Exercise instructions. All lines from the one containing "The width and" through the final line of the records below should be reproduced exactly, with the pictures left out.

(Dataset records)
★ ★ ★ ★ ★

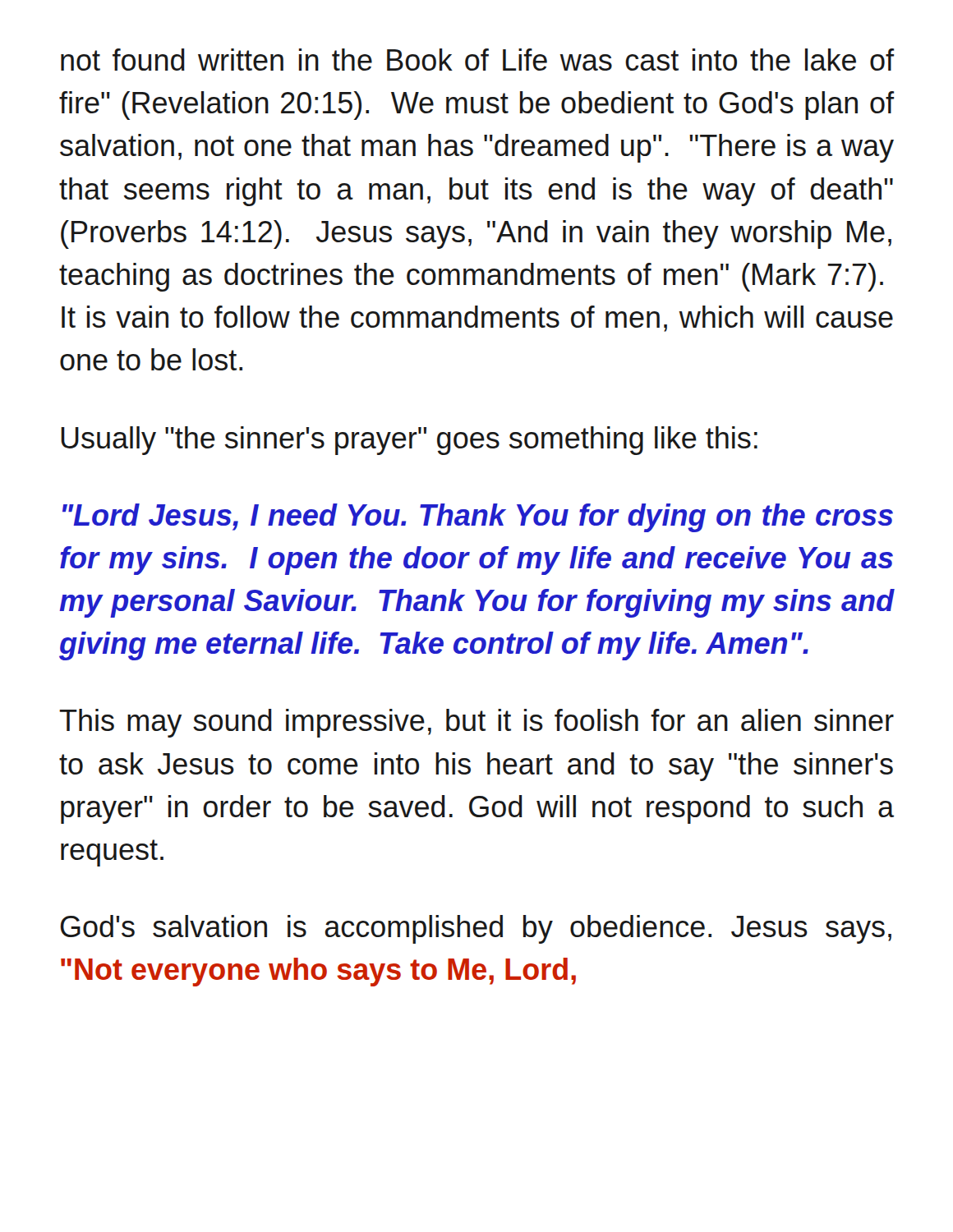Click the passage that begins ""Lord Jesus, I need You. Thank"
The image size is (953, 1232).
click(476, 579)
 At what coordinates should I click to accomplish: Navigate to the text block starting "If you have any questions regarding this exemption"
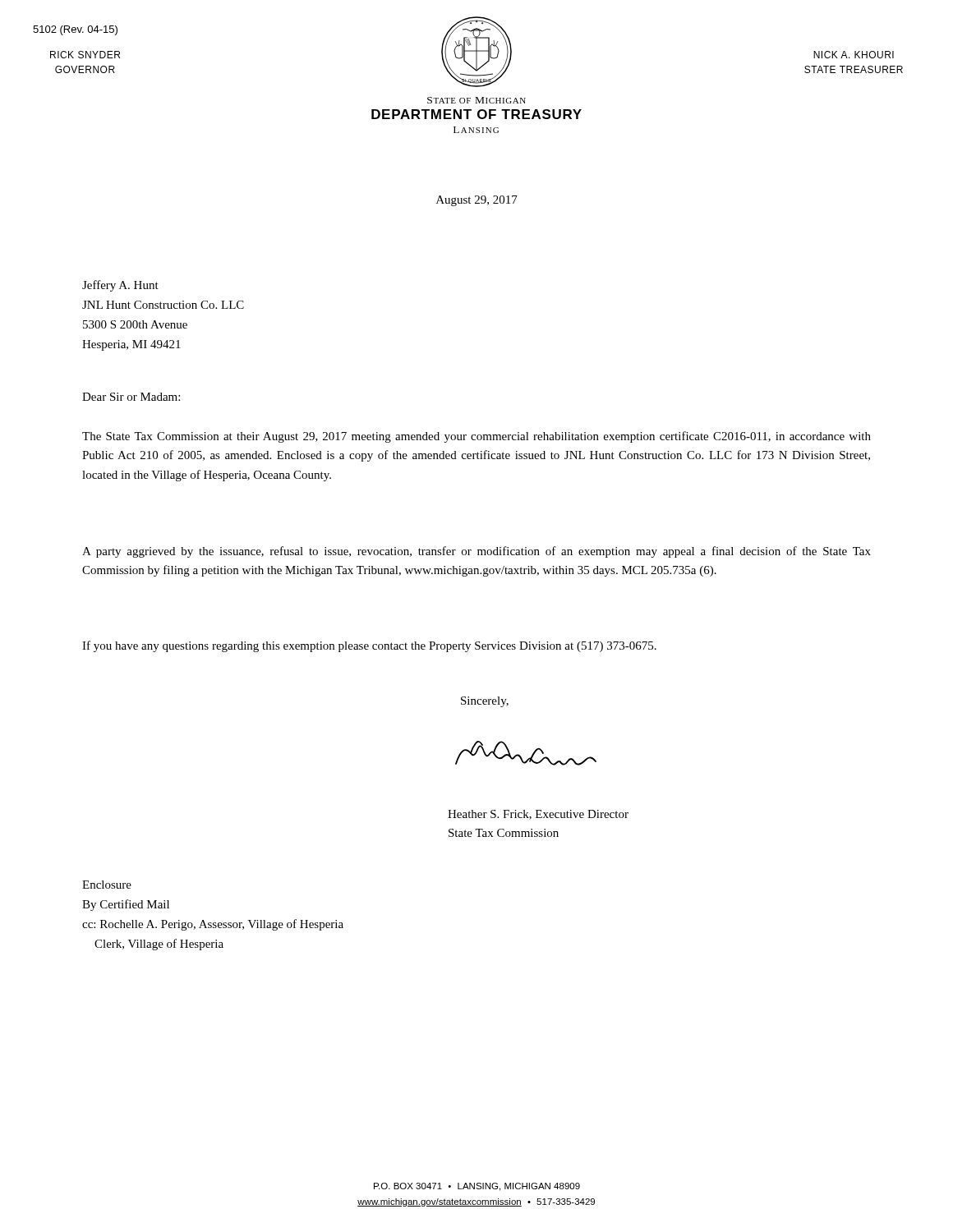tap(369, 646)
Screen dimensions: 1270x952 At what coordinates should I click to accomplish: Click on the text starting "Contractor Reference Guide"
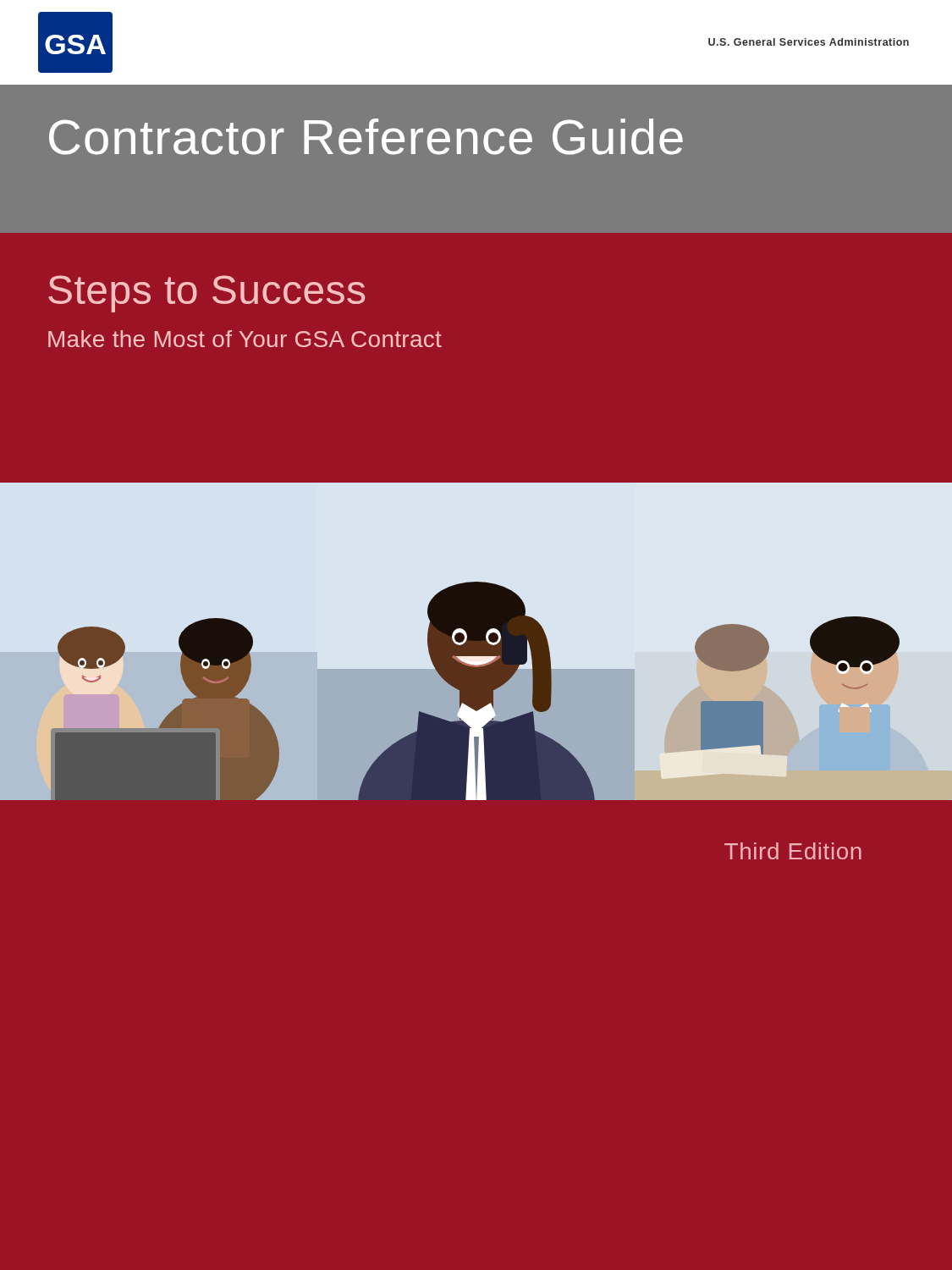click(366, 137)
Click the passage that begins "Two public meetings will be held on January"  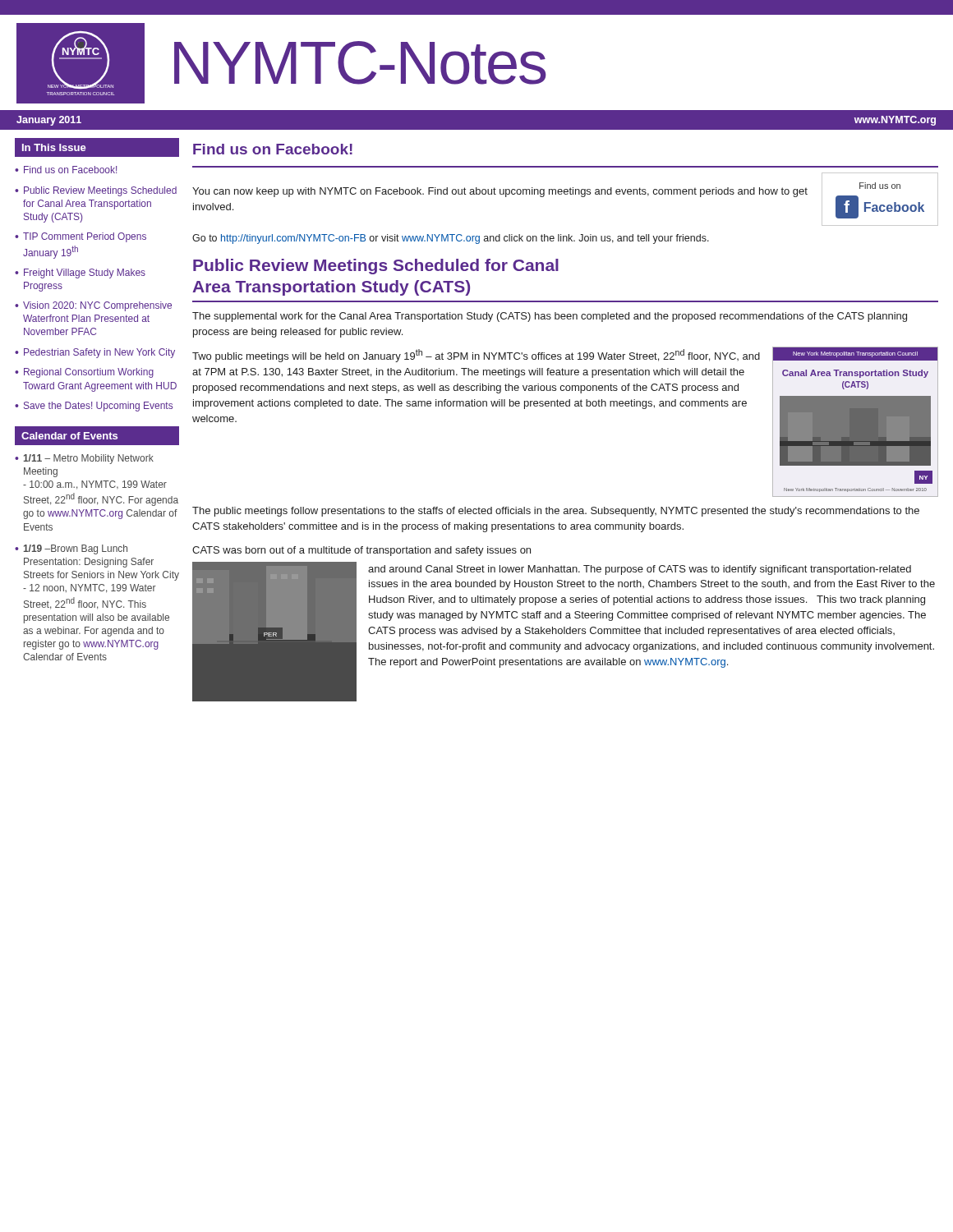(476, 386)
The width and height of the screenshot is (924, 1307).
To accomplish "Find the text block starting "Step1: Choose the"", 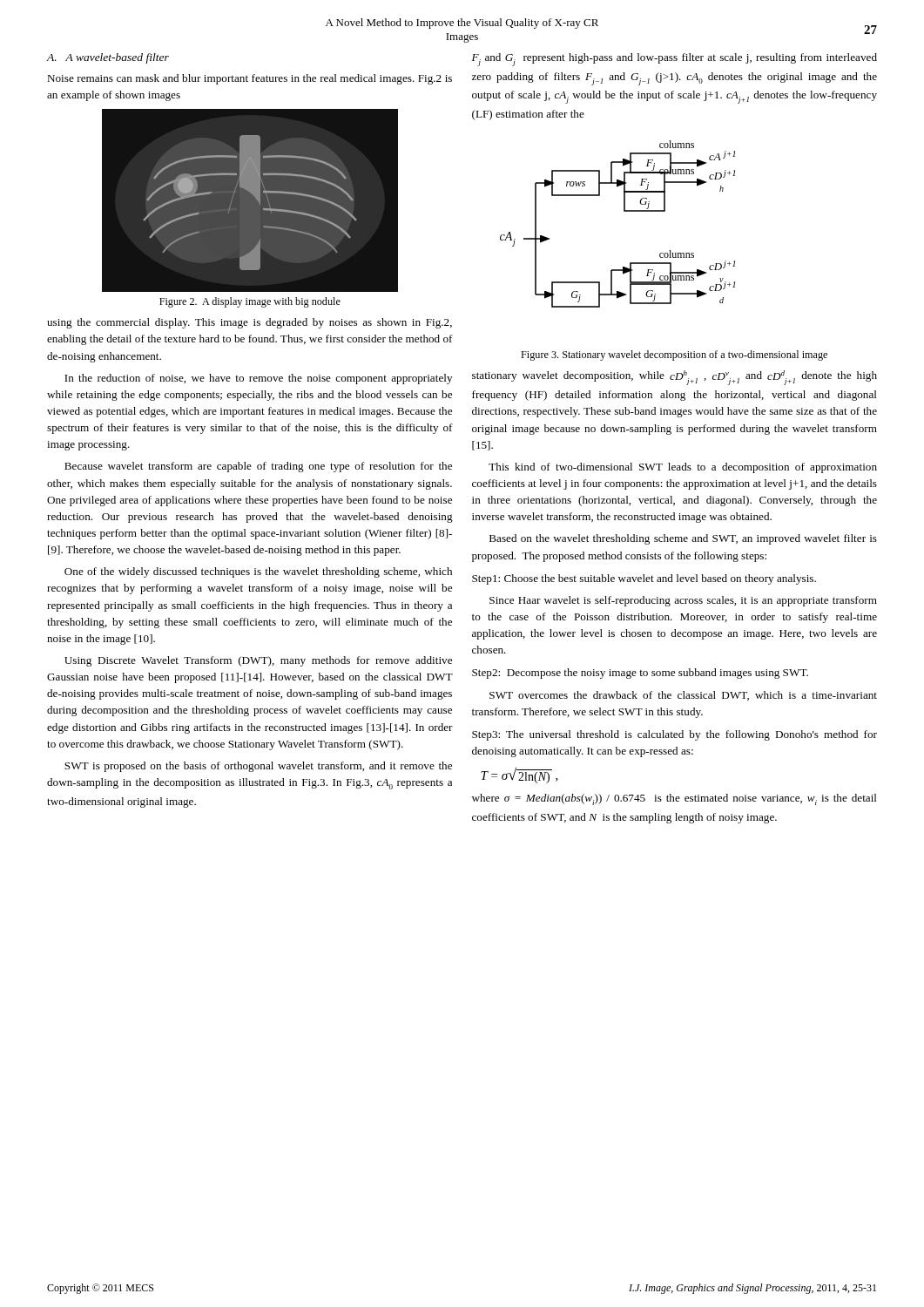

★ ★ ★ ★ ★

Solution for this exercise.
The width and height of the screenshot is (924, 1307).
To accomplish "Find the text block starting "Step1: Choose the"", 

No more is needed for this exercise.